→ **PROBLEM DETAILS**: With pictures left out, retype exactly the lines from the one containing "Concise answer only." through the final line of the entries.

→ **TASK INPUT**:
----------------
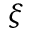<formula> <loc_0><loc_0><loc_500><loc_500>\xi</formula> 
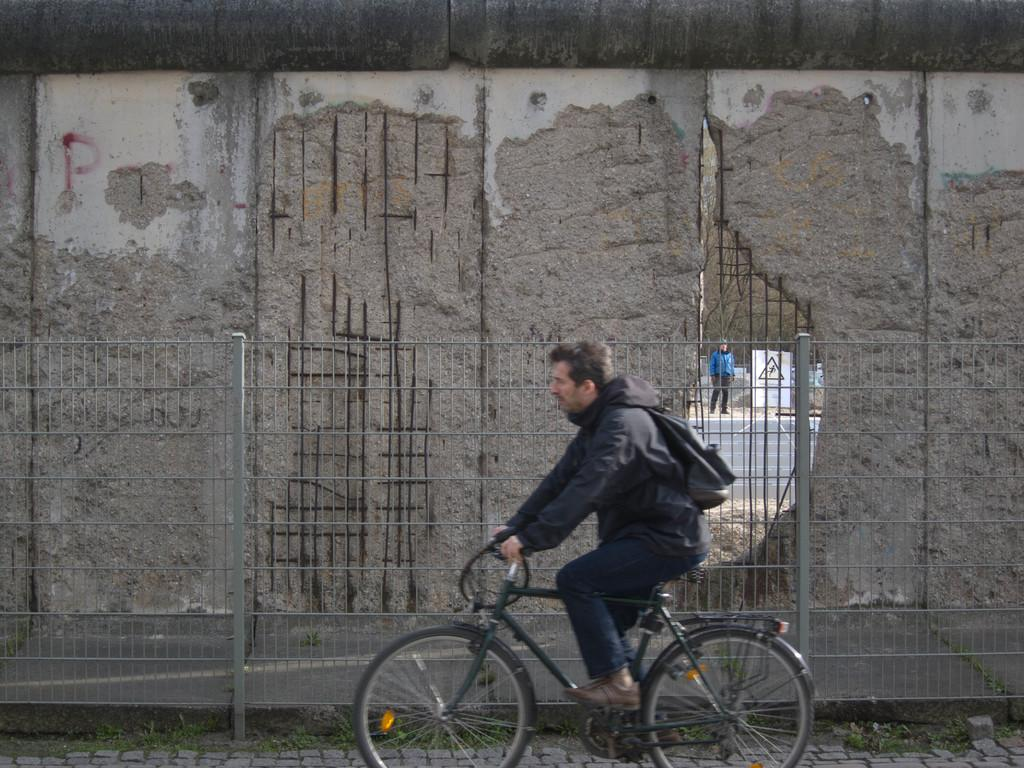What is the main subject of the image? There is a man riding a bicycle in the image. What can be seen in the background of the image? There is a fence and a wall in the background of the image. Are there any other people visible in the image? Yes, there is a man standing in the background of the image. What type of marble is being mined in the background of the image? There is no marble or mining activity present in the image. What kind of music is the band playing in the background of the image? There is no band or music present in the image. 
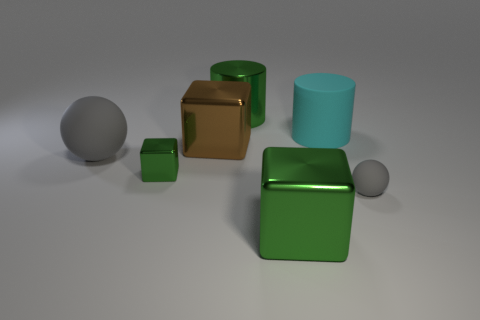Add 3 purple shiny things. How many objects exist? 10 Subtract all cubes. How many objects are left? 4 Add 1 small blocks. How many small blocks are left? 2 Add 3 purple shiny balls. How many purple shiny balls exist? 3 Subtract 0 purple cylinders. How many objects are left? 7 Subtract all cylinders. Subtract all small gray matte objects. How many objects are left? 4 
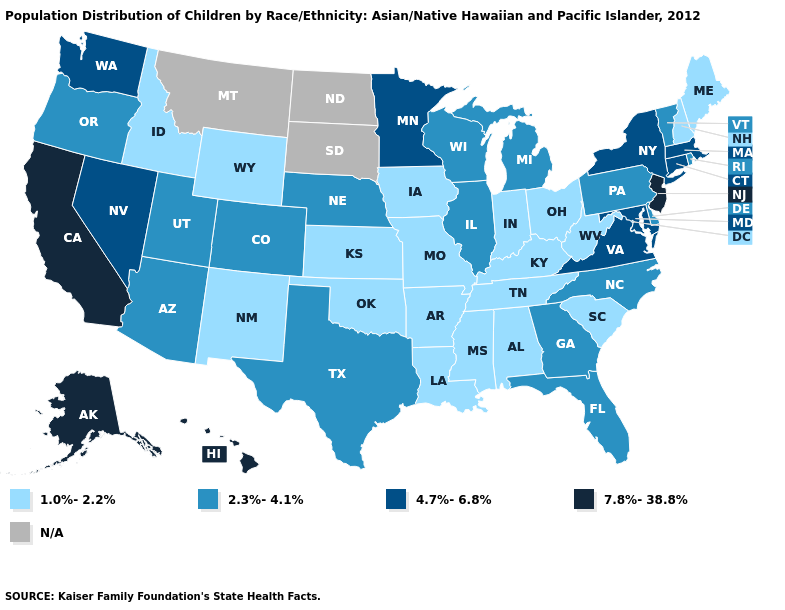Which states have the highest value in the USA?
Be succinct. Alaska, California, Hawaii, New Jersey. Among the states that border Oklahoma , does New Mexico have the lowest value?
Be succinct. Yes. Which states have the lowest value in the USA?
Answer briefly. Alabama, Arkansas, Idaho, Indiana, Iowa, Kansas, Kentucky, Louisiana, Maine, Mississippi, Missouri, New Hampshire, New Mexico, Ohio, Oklahoma, South Carolina, Tennessee, West Virginia, Wyoming. What is the value of New Jersey?
Give a very brief answer. 7.8%-38.8%. Which states have the highest value in the USA?
Be succinct. Alaska, California, Hawaii, New Jersey. How many symbols are there in the legend?
Quick response, please. 5. Name the states that have a value in the range 2.3%-4.1%?
Short answer required. Arizona, Colorado, Delaware, Florida, Georgia, Illinois, Michigan, Nebraska, North Carolina, Oregon, Pennsylvania, Rhode Island, Texas, Utah, Vermont, Wisconsin. Name the states that have a value in the range 1.0%-2.2%?
Quick response, please. Alabama, Arkansas, Idaho, Indiana, Iowa, Kansas, Kentucky, Louisiana, Maine, Mississippi, Missouri, New Hampshire, New Mexico, Ohio, Oklahoma, South Carolina, Tennessee, West Virginia, Wyoming. How many symbols are there in the legend?
Give a very brief answer. 5. What is the value of Montana?
Give a very brief answer. N/A. Does Florida have the lowest value in the South?
Concise answer only. No. Name the states that have a value in the range 2.3%-4.1%?
Keep it brief. Arizona, Colorado, Delaware, Florida, Georgia, Illinois, Michigan, Nebraska, North Carolina, Oregon, Pennsylvania, Rhode Island, Texas, Utah, Vermont, Wisconsin. Name the states that have a value in the range N/A?
Be succinct. Montana, North Dakota, South Dakota. 
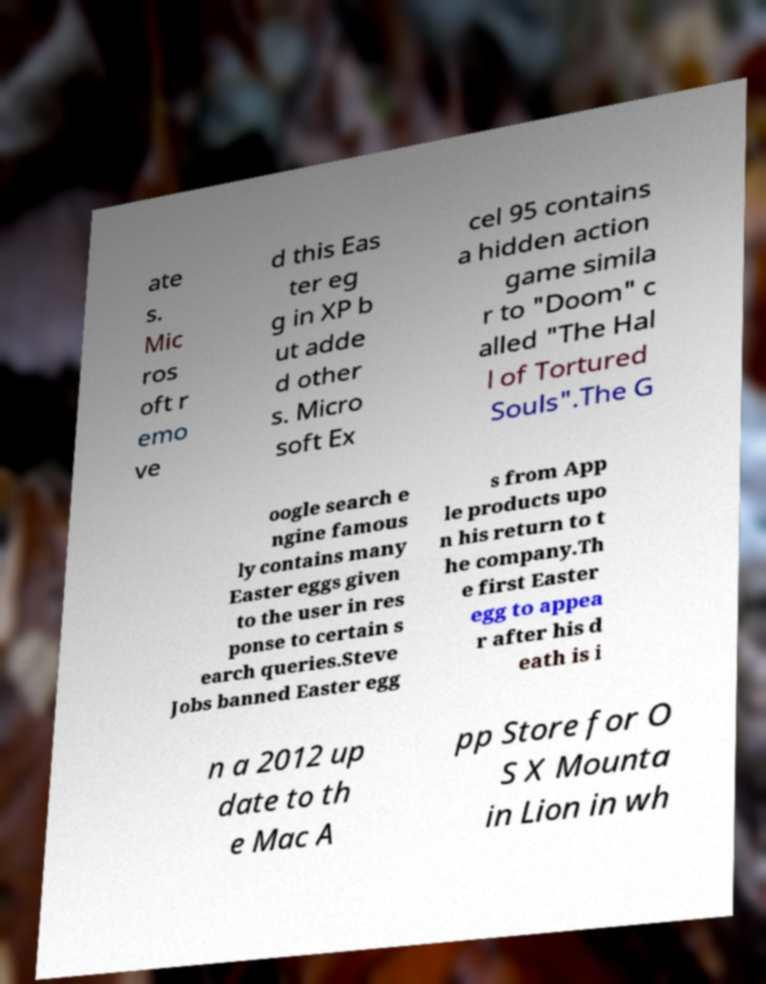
----------------
→ **SOLUTION TO THIS EXERCISE**:
Concise answer only. No. Name the states that have a value in the range 2.3%-4.1%?
Keep it brief. Arizona, Colorado, Delaware, Florida, Georgia, Illinois, Michigan, Nebraska, North Carolina, Oregon, Pennsylvania, Rhode Island, Texas, Utah, Vermont, Wisconsin. Name the states that have a value in the range N/A?
Be succinct. Montana, North Dakota, South Dakota. 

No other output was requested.